Saturday, February 7, 2009

Identity Theft





I now have a mustache. I also have a charge on my Sears card for a vacuum cleaner purchased in California. I am male and my name is Javier. I'm not bad looking. But if you know anything about me, you know I live in Texas and just survived menopause. Put this all together? Identity Theft. It happened to me. I discovered it when my bank sent my debit card with Javier's photo on it. My name, but Javier's picture. He had stolen by social security number, opened several bank accounts and charged $150 at Sears.

I was incensed when I called the bank branch in California and they told me I had to prove who I was, that the social security number belonged to me and not Javier. I contacted the credit agencies and answered questions about my life- when and where I was born, if I was married, how long I'd lived at my present address. I felt violated. Someone had used my life to recreate their own. Javier didn't care about me, what he was doing to my life, my credit history, my future. Javier only cared about Javier.

Identity Theft is a crime. I had to fight to protect myself against it. But what about those who are too small and weak to fight a crime perpetrated against them? When an unborn child experiences an elective abortion, his identity is ruthlessly stolen. His right to personhood is taken in the most brutal way. Our society is saying we don't care about this child, what pain he experiences as his body is sliced into removable pieces, his right to be born, his right to a future. We don't care about his identity, we only care about our own.

But this child's identity is intimately linked to us. Edward Albee, American playwright and a three time Pulitzer prize winner for Drama (Who's Afraid of Virgina Wolff, Three Tall Women, A Delicate Balance), was often asked what his plays were about. One time he had this answer:





"You know, if anybody wants me to say it, in one sentence, what my plays are about, they're about the nature of identity," Albee finally says. "Who we are, how we permit ourselves to be viewed, how we permit ourselves to view ourselves, how we practice identity or lack of identity."

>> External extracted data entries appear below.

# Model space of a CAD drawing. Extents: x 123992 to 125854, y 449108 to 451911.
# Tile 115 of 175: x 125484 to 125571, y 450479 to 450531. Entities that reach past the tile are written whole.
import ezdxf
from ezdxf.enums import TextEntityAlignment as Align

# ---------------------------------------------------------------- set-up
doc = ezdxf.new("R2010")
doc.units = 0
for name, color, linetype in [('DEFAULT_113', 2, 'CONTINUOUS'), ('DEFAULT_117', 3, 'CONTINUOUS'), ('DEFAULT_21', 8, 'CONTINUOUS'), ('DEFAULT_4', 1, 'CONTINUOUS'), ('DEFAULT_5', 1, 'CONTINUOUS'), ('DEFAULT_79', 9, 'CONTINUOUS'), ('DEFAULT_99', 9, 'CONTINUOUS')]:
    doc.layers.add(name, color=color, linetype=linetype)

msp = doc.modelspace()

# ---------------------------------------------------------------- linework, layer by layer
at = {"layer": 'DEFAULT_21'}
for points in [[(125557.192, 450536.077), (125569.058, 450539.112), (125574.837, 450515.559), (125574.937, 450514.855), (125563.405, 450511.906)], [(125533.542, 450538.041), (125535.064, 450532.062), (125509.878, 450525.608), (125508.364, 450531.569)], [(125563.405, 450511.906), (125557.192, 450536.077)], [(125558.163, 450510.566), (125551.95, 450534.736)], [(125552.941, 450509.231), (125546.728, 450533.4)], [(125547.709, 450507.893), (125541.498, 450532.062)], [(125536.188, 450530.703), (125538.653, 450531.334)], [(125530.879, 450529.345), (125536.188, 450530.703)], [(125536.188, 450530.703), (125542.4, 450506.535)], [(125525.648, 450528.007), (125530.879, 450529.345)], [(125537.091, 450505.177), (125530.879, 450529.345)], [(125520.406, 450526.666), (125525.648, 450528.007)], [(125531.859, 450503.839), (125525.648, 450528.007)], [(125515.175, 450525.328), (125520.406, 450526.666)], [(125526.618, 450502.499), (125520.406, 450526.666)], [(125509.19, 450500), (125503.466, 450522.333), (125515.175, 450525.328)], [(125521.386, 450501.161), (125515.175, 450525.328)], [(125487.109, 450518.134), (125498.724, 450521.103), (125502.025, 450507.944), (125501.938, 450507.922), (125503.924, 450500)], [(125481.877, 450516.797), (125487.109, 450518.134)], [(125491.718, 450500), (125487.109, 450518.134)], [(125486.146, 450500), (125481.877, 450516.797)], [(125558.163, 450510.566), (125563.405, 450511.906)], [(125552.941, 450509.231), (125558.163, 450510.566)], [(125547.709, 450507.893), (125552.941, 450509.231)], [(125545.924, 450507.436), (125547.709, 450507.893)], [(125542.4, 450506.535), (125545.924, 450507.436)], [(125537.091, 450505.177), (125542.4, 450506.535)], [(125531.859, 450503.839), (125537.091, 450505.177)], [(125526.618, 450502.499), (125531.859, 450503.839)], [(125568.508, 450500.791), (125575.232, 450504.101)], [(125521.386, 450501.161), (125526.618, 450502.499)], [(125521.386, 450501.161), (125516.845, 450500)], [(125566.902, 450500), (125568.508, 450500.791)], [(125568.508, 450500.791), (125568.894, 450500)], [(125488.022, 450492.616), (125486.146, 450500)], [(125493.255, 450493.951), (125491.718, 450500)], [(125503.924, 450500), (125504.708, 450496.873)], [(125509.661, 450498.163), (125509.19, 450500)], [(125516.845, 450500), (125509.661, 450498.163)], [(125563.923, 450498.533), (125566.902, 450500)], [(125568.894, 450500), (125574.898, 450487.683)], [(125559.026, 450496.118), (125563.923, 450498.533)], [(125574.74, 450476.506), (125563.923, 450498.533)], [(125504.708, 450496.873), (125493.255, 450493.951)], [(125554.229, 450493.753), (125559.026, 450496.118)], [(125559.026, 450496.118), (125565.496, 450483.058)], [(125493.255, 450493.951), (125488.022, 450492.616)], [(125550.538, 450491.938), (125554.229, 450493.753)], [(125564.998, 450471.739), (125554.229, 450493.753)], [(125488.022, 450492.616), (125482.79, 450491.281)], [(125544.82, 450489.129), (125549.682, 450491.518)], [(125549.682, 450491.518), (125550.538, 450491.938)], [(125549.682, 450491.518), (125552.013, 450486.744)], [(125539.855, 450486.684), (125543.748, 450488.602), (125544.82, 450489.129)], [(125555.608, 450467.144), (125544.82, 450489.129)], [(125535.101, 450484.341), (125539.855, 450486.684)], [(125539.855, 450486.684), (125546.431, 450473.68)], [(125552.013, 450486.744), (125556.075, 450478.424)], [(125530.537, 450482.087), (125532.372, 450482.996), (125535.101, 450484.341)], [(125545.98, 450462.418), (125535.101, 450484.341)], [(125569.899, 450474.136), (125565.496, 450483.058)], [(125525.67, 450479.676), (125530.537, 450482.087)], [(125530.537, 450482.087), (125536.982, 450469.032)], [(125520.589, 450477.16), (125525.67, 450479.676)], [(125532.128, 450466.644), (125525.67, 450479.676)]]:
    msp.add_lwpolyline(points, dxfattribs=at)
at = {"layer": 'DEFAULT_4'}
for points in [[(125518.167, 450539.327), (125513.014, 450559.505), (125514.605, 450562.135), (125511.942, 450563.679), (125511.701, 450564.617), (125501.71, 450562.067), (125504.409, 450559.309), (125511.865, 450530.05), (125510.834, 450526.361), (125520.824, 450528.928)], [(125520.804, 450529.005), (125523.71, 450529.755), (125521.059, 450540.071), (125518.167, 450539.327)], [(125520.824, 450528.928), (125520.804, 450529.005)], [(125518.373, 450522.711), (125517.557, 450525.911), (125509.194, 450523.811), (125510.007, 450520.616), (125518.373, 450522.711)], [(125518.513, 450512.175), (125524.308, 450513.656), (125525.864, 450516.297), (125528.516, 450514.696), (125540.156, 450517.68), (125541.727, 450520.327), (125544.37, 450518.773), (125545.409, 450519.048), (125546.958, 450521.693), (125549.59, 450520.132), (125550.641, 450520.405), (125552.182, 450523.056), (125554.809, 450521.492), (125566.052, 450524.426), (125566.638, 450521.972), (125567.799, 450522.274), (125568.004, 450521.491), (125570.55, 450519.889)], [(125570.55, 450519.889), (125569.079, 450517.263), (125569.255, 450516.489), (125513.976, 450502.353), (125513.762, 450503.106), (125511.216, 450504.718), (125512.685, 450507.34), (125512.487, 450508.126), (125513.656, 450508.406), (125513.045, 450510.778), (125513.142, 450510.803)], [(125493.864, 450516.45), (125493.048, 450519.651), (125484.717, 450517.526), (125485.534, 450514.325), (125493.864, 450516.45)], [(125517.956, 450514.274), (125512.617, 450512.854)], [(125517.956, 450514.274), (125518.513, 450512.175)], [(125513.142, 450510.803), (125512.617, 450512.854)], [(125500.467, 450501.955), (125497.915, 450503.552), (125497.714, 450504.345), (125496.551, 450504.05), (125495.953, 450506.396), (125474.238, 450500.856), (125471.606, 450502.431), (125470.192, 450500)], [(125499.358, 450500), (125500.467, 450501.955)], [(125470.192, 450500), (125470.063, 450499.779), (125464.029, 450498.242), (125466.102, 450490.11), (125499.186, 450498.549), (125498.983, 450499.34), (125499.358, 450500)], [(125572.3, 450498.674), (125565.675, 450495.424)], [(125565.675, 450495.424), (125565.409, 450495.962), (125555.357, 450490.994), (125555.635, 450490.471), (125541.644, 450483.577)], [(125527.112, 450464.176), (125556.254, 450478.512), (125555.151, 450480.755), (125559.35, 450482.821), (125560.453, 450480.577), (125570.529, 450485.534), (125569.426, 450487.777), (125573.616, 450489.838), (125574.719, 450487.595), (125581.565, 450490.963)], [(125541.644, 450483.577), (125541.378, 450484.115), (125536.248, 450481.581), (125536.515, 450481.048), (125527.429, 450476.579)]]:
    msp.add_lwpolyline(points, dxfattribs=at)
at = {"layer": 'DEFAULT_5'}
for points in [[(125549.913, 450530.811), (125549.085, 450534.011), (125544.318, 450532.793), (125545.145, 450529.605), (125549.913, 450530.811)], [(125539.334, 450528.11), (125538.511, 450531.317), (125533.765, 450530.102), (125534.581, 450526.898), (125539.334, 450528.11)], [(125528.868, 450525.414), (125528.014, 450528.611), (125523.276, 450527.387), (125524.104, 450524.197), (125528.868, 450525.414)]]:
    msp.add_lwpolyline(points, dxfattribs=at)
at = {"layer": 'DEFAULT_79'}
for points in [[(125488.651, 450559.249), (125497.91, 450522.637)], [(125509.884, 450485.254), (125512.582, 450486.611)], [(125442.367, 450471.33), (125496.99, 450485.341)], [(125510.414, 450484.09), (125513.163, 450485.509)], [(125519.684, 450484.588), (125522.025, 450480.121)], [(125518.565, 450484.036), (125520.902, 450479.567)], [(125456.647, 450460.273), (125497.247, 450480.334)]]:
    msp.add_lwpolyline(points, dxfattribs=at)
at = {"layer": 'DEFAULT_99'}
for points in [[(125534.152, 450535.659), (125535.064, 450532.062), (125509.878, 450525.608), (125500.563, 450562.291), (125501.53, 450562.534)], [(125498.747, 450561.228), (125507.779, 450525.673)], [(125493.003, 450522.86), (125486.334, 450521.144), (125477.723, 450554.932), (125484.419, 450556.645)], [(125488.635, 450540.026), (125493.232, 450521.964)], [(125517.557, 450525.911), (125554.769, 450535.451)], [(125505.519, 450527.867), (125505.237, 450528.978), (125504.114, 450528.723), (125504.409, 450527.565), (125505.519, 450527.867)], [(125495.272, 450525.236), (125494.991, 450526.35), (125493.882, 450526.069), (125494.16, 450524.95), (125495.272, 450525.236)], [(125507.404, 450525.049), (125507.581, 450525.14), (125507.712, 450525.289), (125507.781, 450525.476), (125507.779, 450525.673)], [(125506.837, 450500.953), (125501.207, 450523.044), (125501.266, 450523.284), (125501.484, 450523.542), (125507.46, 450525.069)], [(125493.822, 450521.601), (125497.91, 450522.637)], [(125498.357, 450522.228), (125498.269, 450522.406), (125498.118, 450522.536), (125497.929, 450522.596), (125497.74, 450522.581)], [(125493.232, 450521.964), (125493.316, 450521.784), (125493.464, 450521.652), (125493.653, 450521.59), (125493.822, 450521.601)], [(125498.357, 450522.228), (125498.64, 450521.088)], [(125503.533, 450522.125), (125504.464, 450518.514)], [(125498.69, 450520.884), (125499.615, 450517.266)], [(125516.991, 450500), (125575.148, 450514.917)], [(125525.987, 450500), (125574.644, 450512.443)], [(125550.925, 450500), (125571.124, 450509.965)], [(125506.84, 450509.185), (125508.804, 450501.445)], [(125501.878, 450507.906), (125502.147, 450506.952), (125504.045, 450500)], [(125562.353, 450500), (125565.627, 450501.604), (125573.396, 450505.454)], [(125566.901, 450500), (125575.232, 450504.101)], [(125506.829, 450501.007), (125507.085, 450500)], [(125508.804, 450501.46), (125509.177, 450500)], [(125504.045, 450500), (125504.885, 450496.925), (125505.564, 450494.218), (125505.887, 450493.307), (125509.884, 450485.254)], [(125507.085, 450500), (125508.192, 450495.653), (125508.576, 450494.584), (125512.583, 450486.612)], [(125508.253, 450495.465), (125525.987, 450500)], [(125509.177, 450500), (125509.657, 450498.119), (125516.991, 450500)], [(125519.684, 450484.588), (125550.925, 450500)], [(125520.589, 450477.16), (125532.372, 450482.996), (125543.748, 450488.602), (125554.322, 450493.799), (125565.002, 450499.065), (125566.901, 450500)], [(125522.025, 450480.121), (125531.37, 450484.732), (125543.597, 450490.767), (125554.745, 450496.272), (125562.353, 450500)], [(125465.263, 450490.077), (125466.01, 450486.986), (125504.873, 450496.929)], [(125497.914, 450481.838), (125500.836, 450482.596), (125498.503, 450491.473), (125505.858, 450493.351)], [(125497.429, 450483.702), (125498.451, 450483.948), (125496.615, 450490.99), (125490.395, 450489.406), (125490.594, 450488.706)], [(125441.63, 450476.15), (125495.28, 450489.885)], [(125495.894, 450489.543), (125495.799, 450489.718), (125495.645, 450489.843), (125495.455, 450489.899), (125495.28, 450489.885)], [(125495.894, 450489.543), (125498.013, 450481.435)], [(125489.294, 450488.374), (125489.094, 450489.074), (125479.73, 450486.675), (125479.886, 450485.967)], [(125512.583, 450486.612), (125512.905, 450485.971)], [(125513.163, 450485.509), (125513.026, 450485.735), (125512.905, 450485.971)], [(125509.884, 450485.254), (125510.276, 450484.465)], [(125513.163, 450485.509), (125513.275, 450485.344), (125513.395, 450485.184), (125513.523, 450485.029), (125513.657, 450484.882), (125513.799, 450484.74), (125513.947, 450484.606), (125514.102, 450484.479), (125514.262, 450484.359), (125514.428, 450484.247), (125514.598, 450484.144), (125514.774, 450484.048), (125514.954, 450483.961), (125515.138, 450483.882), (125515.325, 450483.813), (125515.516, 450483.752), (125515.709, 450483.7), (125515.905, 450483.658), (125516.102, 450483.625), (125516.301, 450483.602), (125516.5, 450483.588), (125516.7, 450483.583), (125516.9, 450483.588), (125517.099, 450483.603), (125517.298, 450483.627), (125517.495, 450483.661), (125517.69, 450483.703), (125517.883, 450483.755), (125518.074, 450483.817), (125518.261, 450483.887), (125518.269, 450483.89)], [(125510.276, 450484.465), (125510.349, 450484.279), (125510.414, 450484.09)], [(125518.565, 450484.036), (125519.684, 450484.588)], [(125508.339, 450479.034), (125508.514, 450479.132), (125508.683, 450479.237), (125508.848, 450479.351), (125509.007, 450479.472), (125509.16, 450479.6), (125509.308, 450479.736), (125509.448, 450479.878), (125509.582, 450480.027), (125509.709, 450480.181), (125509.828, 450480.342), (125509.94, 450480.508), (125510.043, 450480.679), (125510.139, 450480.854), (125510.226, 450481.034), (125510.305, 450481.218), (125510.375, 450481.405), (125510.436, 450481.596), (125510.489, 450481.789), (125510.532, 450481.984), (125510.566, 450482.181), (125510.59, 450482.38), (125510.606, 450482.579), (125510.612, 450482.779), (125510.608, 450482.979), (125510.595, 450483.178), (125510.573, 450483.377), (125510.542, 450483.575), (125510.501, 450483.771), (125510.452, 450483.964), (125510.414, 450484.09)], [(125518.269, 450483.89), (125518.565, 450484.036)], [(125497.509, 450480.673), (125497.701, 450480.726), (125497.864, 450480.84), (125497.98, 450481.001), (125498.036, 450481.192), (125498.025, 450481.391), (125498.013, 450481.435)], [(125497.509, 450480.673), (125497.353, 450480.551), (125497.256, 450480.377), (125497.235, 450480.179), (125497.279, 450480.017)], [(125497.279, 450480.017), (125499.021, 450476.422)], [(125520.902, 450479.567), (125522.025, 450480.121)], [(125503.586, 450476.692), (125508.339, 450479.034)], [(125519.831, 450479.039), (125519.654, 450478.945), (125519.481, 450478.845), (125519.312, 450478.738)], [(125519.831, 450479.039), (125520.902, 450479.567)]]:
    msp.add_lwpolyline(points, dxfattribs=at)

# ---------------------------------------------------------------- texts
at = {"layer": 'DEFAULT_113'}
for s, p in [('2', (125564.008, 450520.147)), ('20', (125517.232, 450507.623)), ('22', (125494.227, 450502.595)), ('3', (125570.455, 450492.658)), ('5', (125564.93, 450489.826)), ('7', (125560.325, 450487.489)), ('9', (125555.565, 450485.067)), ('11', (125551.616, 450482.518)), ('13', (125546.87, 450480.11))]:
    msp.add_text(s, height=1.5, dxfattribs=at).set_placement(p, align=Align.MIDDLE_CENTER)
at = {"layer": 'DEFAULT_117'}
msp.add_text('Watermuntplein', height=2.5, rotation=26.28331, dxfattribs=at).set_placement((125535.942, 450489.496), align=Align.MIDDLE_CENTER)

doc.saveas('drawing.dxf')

Albee says identity is not just how I see myself, it's also how I permit myself to see myself. In other words, I might conveniently blind myself to something I know is there, but don't want to admit to.

As a society, we also have an identity. And we also conveniently blind ourselves. We are a nation with laws that protect and give rights to the masses. But what about the most basic human right- the right to be born? We cannot admit we approve laws that allow a child to be killed as it sleeps in the warmth of the womb.

If we perceive the unborn as a mass of cells with no identity, then what might this say about the way we treat human life in general? Could this contempt for our earliest beginnings be reflected in the increasing suicide, murder, child abuse, spousal abuse, abuse of the elderly, alcoholism, drug abuse rates occurring in this country? I think yes. A respect for the identity of the unborn is connected like an umbilical cord to the identity of all human beings. Only it is the unborn that protects humanity. Without the desire to protect the unborn, our society is defenseless against all evil.

I was able to prove who I was to my bank, but the child in the womb cannot prove he is human. He is completely dependent upon us to speak for him. If we as a society do not stand for the right to be born, we have stolen not only the child's identity, but our own as well.